Maev launches on Chewy in the fast-growing frozen raw category and rolls out a dedicated puppy formula.
The Proof
Belief is cheap; capital is less so. Maev has raised roughly $19M to date, anchored by a $10M Series A in 2022 led by VMG Partners - a firm that has spent years betting on consumer brands that outgrow their category. The earlier round, reported around $9M, did the unglamorous work of building supply for a product that has to stay frozen.
The proof shows up in distribution, too. Maev launched on Chewy, planting a flag in the frozen raw category - the fastest-growing corner of a famously slow-moving aisle. And the audience is real: an Instagram following near 84,000 and a busy TikTok presence, which for a pet brand is less vanity metric than a referral engine.
Bars scaled to the ~$19M cumulative figure. Round labels per public reporting; treat as approximate.
“Maev landed on Chewy leading the rapidly growing frozen raw dog food category.”
Public reporting, 2023The Mission
Strip away the brand language and Maev's mission is almost modest: make feeding a dog real food as unremarkable as opening a bag of kibble.

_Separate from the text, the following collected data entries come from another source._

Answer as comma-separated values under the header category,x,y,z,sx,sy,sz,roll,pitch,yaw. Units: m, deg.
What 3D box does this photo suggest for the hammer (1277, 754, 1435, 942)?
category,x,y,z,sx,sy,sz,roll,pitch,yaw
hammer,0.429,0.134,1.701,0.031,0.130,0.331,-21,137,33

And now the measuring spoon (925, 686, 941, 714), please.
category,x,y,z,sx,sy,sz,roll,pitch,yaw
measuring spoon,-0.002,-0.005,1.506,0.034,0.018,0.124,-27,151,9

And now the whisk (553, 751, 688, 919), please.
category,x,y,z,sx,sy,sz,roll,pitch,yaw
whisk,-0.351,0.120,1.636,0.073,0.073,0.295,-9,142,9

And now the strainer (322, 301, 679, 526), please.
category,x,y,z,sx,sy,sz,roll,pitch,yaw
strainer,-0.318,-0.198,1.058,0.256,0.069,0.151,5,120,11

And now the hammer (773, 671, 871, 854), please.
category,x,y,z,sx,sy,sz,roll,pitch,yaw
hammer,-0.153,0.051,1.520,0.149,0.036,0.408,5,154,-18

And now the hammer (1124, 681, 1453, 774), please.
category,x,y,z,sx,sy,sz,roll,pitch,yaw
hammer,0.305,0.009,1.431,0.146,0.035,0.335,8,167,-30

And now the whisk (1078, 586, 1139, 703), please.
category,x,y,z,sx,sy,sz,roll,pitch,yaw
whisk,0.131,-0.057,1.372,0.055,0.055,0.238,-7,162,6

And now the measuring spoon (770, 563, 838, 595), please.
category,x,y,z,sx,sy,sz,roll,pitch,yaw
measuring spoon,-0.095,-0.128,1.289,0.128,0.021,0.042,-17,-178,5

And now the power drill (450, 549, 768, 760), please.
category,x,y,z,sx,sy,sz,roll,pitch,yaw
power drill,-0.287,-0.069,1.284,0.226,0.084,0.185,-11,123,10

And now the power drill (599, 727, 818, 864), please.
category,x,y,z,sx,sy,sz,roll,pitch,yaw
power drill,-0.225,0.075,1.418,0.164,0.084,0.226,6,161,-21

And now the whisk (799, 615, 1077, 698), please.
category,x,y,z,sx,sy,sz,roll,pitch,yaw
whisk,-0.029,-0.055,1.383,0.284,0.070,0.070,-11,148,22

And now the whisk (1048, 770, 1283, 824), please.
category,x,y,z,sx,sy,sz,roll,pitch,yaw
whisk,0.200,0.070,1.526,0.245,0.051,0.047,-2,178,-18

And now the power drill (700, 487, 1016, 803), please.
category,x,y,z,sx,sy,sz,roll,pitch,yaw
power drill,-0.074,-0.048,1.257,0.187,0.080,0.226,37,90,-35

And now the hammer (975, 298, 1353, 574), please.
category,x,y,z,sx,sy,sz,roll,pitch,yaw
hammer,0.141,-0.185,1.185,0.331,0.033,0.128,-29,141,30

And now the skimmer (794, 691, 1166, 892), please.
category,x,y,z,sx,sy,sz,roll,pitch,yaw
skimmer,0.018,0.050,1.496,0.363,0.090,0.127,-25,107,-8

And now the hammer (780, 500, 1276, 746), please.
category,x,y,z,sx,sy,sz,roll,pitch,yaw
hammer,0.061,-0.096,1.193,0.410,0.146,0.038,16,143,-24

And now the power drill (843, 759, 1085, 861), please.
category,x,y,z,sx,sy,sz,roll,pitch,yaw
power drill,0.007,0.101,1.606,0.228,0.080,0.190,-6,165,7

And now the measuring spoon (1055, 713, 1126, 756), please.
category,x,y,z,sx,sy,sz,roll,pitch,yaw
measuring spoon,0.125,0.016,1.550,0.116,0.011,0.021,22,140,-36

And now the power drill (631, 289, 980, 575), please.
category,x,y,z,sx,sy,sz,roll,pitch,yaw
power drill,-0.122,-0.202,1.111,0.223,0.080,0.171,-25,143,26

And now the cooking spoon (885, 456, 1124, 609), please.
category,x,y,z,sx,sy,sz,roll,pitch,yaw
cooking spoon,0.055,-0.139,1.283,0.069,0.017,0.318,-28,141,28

Not a luxury. Not a project. A default. The vision that follows is bigger - a pet aisle where “human-grade” isn't a premium tier but the baseline expectation.
It's worth noting the irony. The hardest thing to sell isn't the fancy version of an idea; it's the obvious one. Convincing people that dogs should eat real food should require no convincing at all. That it does is exactly the market Maev is in.

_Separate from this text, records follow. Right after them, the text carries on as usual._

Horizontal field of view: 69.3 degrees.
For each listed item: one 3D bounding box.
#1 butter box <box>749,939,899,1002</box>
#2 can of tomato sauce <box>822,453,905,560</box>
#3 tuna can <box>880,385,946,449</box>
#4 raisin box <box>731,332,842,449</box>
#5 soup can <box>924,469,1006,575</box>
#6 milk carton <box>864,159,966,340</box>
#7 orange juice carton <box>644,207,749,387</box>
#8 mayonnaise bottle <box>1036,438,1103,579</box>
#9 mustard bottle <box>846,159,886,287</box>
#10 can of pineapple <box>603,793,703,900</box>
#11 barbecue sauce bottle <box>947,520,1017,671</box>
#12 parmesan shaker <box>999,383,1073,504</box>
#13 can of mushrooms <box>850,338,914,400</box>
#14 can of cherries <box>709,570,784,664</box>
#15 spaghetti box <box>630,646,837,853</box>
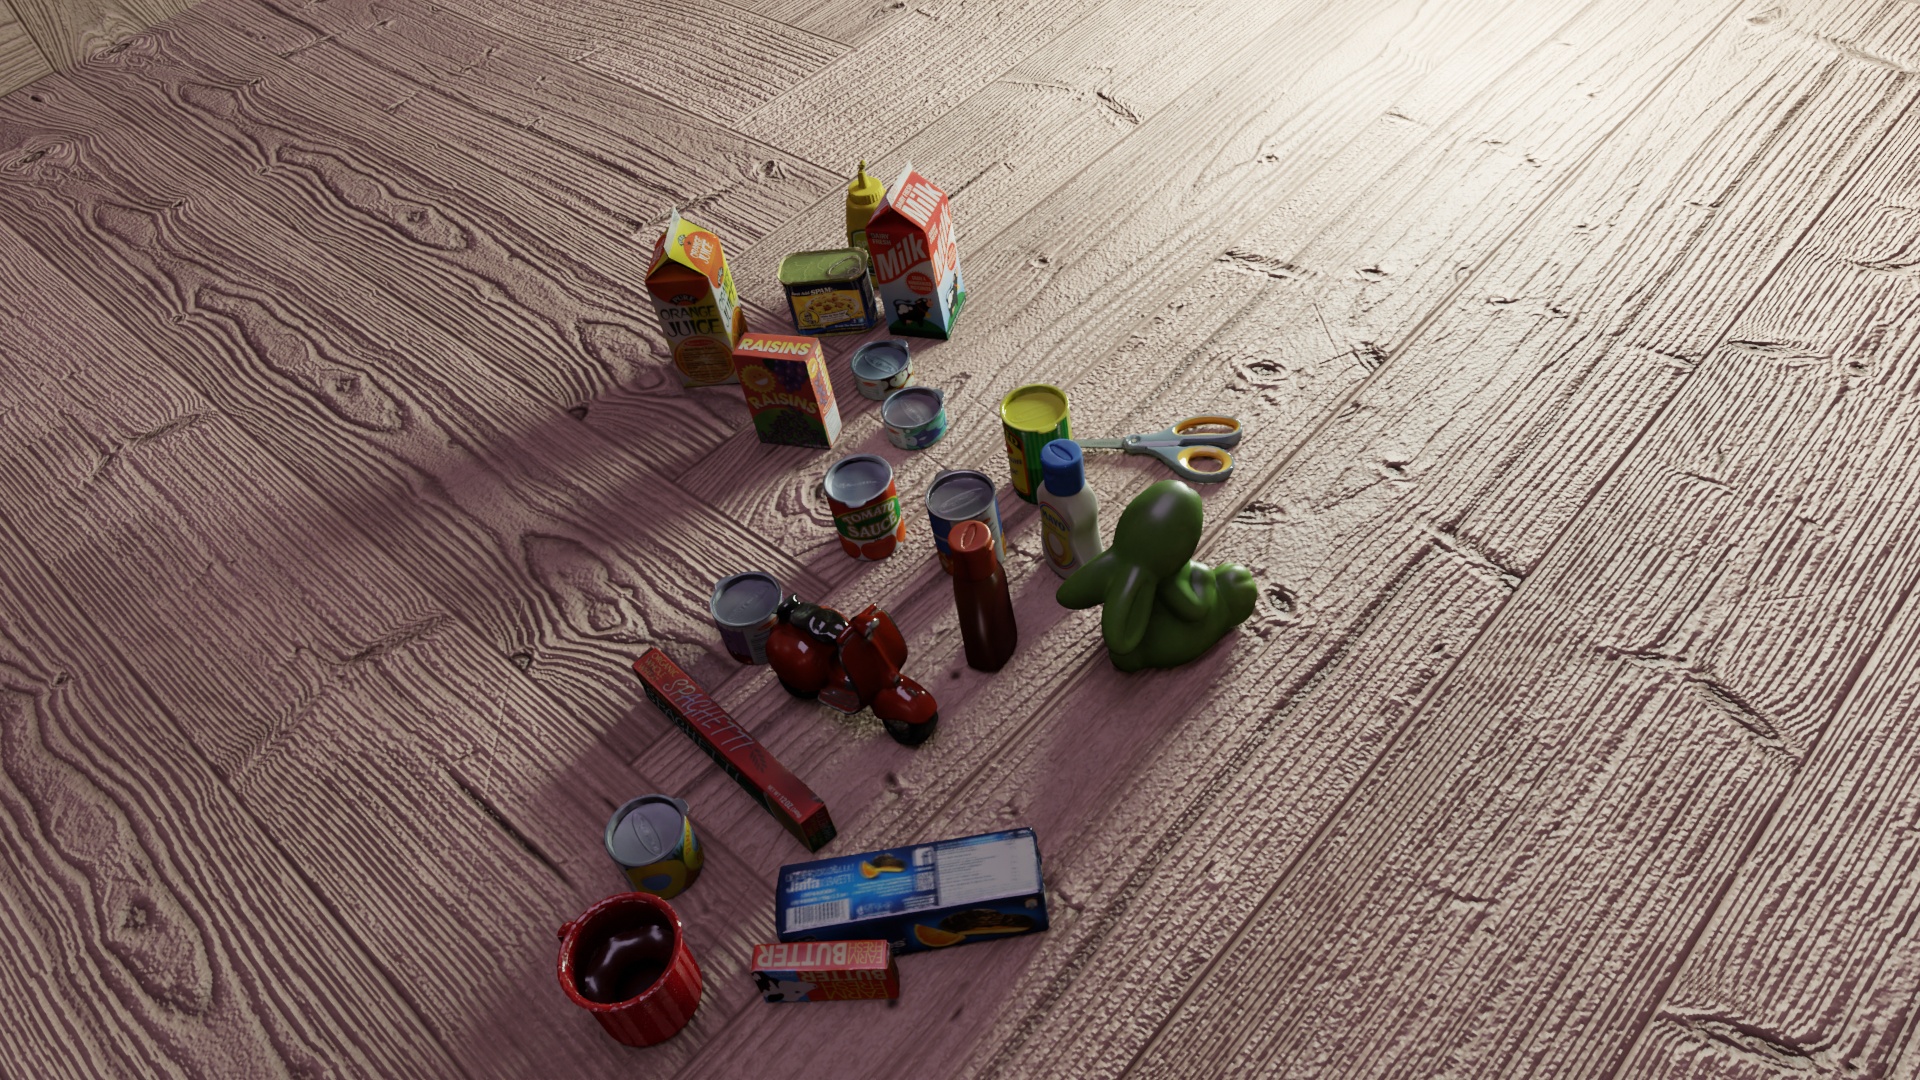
[{"bbox_3d":[-0.099,0.319,1.029,0.103,0.052,0.024,-4,47,7],"label":"butter box"},{"bbox_3d":[-0.091,-0.030,1.333,0.071,0.082,0.071,-6,47,6],"label":"can of tomato sauce"},{"bbox_3d":[-0.046,-0.129,1.452,0.071,0.032,0.071,-6,47,6],"label":"tuna can"},{"bbox_3d":[-0.178,-0.155,1.439,0.086,0.122,0.040,8,49,18],"label":"raisin box"},{"bbox_3d":[0.005,-0.016,1.302,0.071,0.083,0.072,-6,47,6],"label":"soup can"},{"bbox_3d":[-0.051,-0.316,1.519,0.073,0.189,0.073,8,50,18],"label":"milk carton"},{"bbox_3d":[-0.289,-0.263,1.514,0.073,0.191,0.072,-4,47,8],"label":"orange juice carton"},{"bbox_3d":[0.096,-0.027,1.249,0.041,0.147,0.065,-35,51,-21],"label":"mayonnaise bottle"},{"bbox_3d":[-0.102,-0.365,1.596,0.065,0.159,0.049,2,48,13],"label":"mustard bottle"},{"bbox_3d":[-0.245,0.247,1.121,0.071,0.057,0.071,-6,47,6],"label":"can of pineapple"},{"bbox_3d":[0.018,0.046,1.197,0.044,0.147,0.065,7,49,17],"label":"barbecue sauce bottle"},{"bbox_3d":[0.077,-0.090,1.343,0.071,0.102,0.072,-6,47,6],"label":"parmesan shaker"},{"bbox_3d":[-0.083,-0.187,1.512,0.071,0.033,0.071,-6,47,6],"label":"can of mushrooms"},{"bbox_3d":[-0.192,0.070,1.276,0.071,0.058,0.072,-6,47,6],"label":"can of cherries"},{"bbox_3d":[-0.197,0.174,1.186,0.029,0.050,0.250,-39,52,-23],"label":"spaghetti box"}]

“The goal isn't to make raw food special. It's to make it normal.”
The Maev thesis, paraphrasedWhy It Matters Tomorrow
Fresh and raw pet food is one of the few genuinely fast-growing parts of a category that hasn't changed much in a generation. As more owners treat dogs like family and start reading labels the way they read their own, the brown-pellet default looks less inevitable every year. Maev is small enough to be nimble and particular enough to mean it - a combination that ages well if the trend holds.
The risks are honest ones: raw food is heavy, cold, and expensive to ship; the bigger players have deeper pockets; and “human-grade” only stays a moat while the science and the supply chain hold up. None of that is fatal. All of it is the cost of trying to change what's in the bowl.
So return to that dog, still staring at its bowl. A few years ago the food in it would have been pellets, and nobody would have asked why. Now there's a frozen, real-ingredient alternative that pours just as easily - and a person standing over the bowl who actually read the bag. Maev didn't invent the dog's appetite. It just made the better answer convenient enough to choose.
“Maev didn't invent the dog's appetite. It made the better answer easy enough to choose.”